++++ Dataset extract

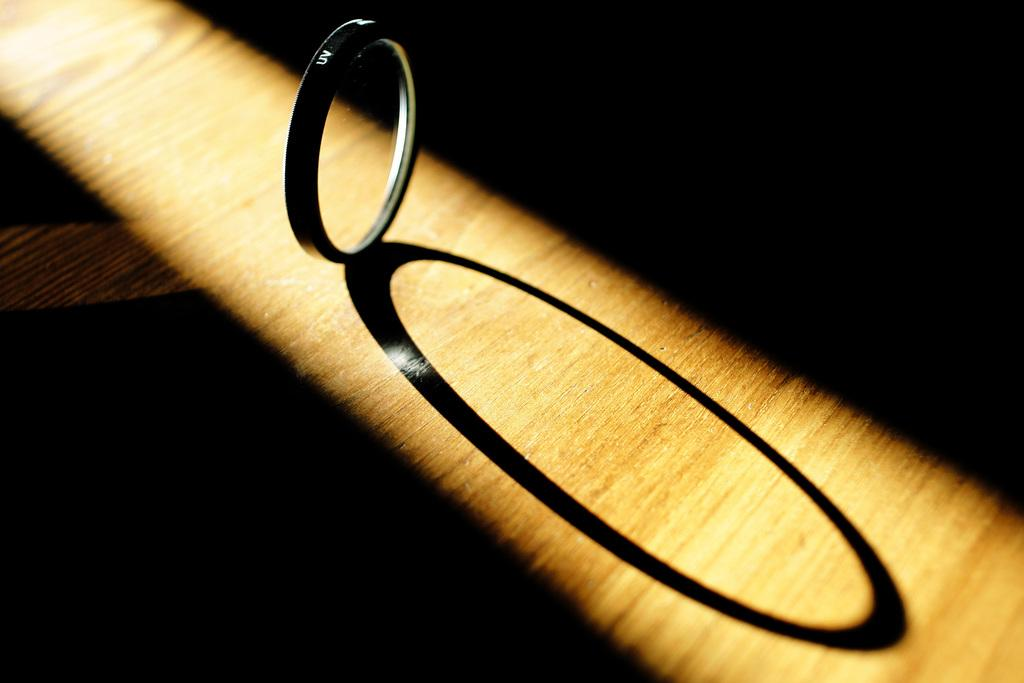What object is on the table in the image? There is a ring on a table in the image. Can you describe any additional features related to the ring? There is a shadow of the ring visible in the image. What type of wound can be seen on the robin in the image? There is no robin present in the image, and therefore no wound can be observed. 
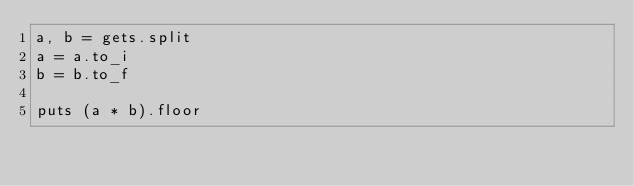<code> <loc_0><loc_0><loc_500><loc_500><_Ruby_>a, b = gets.split
a = a.to_i
b = b.to_f

puts (a * b).floor
</code> 
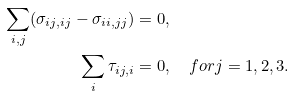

++++++++

### The problem
Reproduce the data in full. Do not carry over any picture.

### Problem solution
What object is on the table in the image? There is a ring on a table in the image. Can you describe any additional features related to the ring? There is a shadow of the ring visible in the image. What type of wound can be seen on the robin in the image? There is no robin present in the image, and therefore no wound can be observed. 
<code> <loc_0><loc_0><loc_500><loc_500><_Ruby_>a, b = gets.split
a = a.to_i
b = b.to_f

puts (a * b).floor
</code> 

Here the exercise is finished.